Data items
^^^^^^^^^^^^^^^^

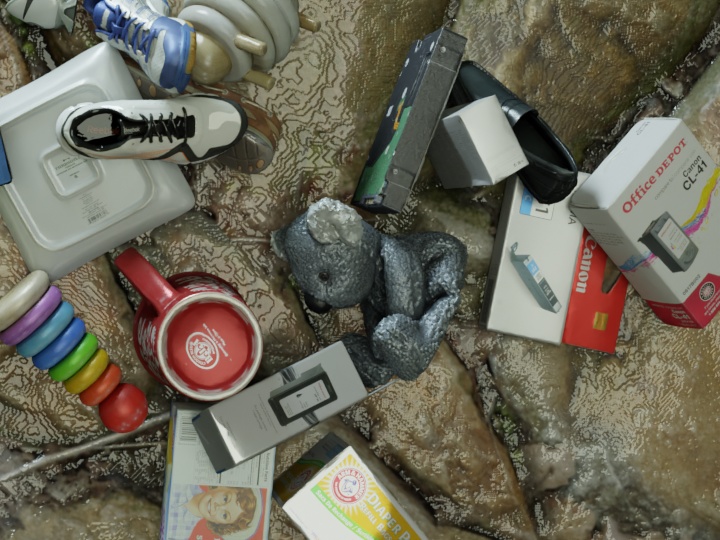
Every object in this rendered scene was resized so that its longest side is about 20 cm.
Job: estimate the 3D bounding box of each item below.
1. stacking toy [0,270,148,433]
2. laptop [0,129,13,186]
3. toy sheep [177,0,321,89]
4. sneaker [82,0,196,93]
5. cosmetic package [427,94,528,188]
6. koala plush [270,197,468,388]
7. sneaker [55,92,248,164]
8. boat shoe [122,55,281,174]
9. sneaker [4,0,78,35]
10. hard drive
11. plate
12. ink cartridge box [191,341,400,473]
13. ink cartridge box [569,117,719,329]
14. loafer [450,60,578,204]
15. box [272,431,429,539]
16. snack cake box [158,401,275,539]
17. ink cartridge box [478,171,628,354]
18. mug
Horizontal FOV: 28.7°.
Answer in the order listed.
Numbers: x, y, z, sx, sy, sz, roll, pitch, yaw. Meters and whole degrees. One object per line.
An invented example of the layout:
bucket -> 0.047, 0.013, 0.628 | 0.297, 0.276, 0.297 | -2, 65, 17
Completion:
stacking toy -> -0.307, 0.099, 1.509 | 0.085, 0.085, 0.200 | -42, 105, -8
laptop -> -0.475, -0.157, 1.441 | 0.198, 0.116, 0.189 | -14, 94, -11
toy sheep -> -0.122, -0.273, 1.507 | 0.138, 0.138, 0.200 | 44, 61, -10
sneaker -> -0.232, -0.241, 1.450 | 0.087, 0.200, 0.076 | 10, 111, -31
cosmetic package -> 0.118, -0.137, 1.525 | 0.050, 0.200, 0.083 | -30, 98, -8
koala plush -> 0.000, 0.000, 1.529 | 0.199, 0.177, 0.185 | 33, 71, -10
sneaker -> -0.212, -0.142, 1.443 | 0.198, 0.080, 0.075 | -7, 97, -11
boat shoe -> -0.177, -0.179, 1.535 | 0.199, 0.076, 0.072 | 30, 52, -3
sneaker -> -0.330, -0.358, 1.487 | 0.088, 0.074, 0.202 | 10, 89, -14
hard drive -> 0.052, -0.160, 1.541 | 0.038, 0.140, 0.202 | 22, 86, -11
plate -> -0.306, -0.111, 1.497 | 0.198, 0.032, 0.201 | -27, 101, 2
ink cartridge box -> -0.069, 0.136, 1.476 | 0.199, 0.116, 0.068 | -25, 86, -20
ink cartridge box -> 0.358, -0.054, 1.615 | 0.148, 0.085, 0.200 | -48, 112, -13
loafer -> 0.174, -0.165, 1.577 | 0.068, 0.071, 0.201 | -31, 74, -29
box -> 0.002, 0.292, 1.560 | 0.101, 0.112, 0.200 | -40, 98, -8
snack cake box -> -0.158, 0.251, 1.547 | 0.114, 0.067, 0.202 | 5, 91, -14
ink cartridge box -> 0.242, -0.013, 1.635 | 0.174, 0.045, 0.202 | 11, 90, -11
mug -> -0.187, 0.065, 1.467 | 0.176, 0.200, 0.135 | 20, 88, -12
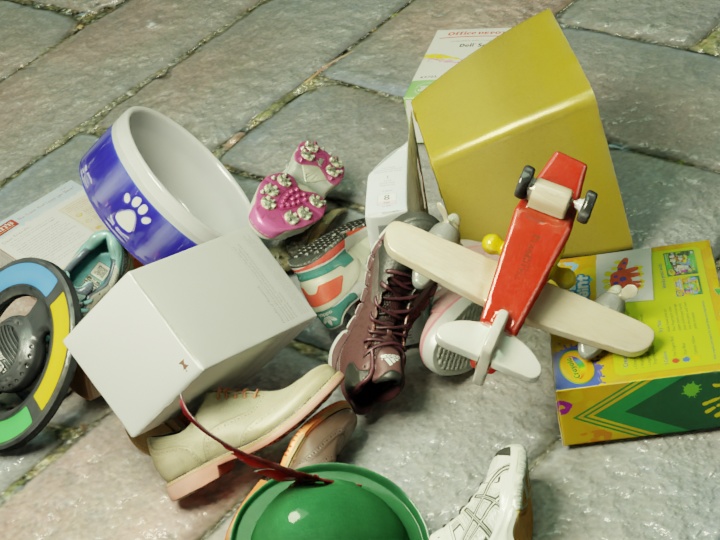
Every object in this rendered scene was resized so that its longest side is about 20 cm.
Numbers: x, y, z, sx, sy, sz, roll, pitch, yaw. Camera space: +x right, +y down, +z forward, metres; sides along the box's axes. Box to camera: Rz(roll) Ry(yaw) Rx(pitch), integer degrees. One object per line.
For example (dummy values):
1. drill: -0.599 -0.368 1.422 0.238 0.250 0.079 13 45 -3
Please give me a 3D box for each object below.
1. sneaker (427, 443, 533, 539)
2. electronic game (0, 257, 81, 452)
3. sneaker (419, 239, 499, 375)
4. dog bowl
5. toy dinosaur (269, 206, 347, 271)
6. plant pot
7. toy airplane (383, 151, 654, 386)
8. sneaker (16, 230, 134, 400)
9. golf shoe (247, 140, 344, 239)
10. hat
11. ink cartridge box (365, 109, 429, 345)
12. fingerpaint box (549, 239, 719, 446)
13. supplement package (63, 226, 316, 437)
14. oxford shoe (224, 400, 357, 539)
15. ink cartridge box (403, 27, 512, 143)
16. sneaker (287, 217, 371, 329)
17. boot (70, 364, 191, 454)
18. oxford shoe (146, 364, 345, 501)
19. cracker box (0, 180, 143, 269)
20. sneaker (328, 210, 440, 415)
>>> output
1. sneaker: 0.098 0.221 1.464 0.087 0.076 0.200 -2 36 15
2. electronic game: -0.351 0.084 1.746 0.199 0.042 0.201 -16 65 38
3. sneaker: 0.093 0.032 1.728 0.104 0.076 0.200 15 39 32
4. dog bowl: -0.205 -0.077 1.866 0.079 0.200 0.200 -42 31 17
5. toy dinosaur: -0.056 -0.021 1.880 0.088 0.048 0.200 13 39 42
6. plant pot: 0.161 -0.125 1.827 0.176 0.201 0.200 -18 35 3
7. toy airplane: 0.144 0.015 1.570 0.198 0.141 0.201 -22 80 -1
8. sneaker: -0.305 0.042 1.788 0.077 0.086 0.201 22 69 6
9. golf shoe: -0.080 -0.069 1.902 0.075 0.092 0.200 40 31 0
10. hat: -0.032 0.194 1.408 0.199 0.176 0.166 -11 57 -13
11. ink cartridge box: 0.041 -0.045 1.777 0.057 0.163 0.200 -8 34 4
12. fingerpaint box: 0.261 0.066 1.625 0.166 0.074 0.200 -8 35 7
13. supplement package: -0.158 0.054 1.638 0.117 0.117 0.200 -42 -9 31
14. oxford shoe: -0.045 0.198 1.569 0.073 0.071 0.200 27 48 12
15. ink cartridge box: 0.135 -0.236 2.091 0.117 0.068 0.200 1 38 20
16. sneaker: 0.000 0.000 1.810 0.070 0.094 0.200 -15 9 33
17. boot: -0.184 0.101 1.732 0.154 0.074 0.200 -27 46 -35
18. oxford shoe: -0.108 0.134 1.598 0.200 0.074 0.071 -32 -4 4
19. cracker box: -0.319 -0.020 1.953 0.134 0.058 0.200 -34 41 -27
20. sneaker: 0.035 0.051 1.630 0.075 0.201 0.116 15 24 -16

^^^^^^^^^^^^^^^^

## What to do
Reproduce the lines of the entries above from the one with "5. cosmetic package [427,94,528,188]" to the one with "bucket -> 0.047, 0.013, 0.628", both included, exactly and without any other line.

## Response
5. cosmetic package [427,94,528,188]
6. koala plush [270,197,468,388]
7. sneaker [55,92,248,164]
8. boat shoe [122,55,281,174]
9. sneaker [4,0,78,35]
10. hard drive
11. plate
12. ink cartridge box [191,341,400,473]
13. ink cartridge box [569,117,719,329]
14. loafer [450,60,578,204]
15. box [272,431,429,539]
16. snack cake box [158,401,275,539]
17. ink cartridge box [478,171,628,354]
18. mug
Horizontal FOV: 28.7°.
Answer in the order listed.
Numbers: x, y, z, sx, sy, sz, roll, pitch, yaw. Meters and whole degrees. One object per line.
An invented example of the layout:
bucket -> 0.047, 0.013, 0.628 | 0.297, 0.276, 0.297 | -2, 65, 17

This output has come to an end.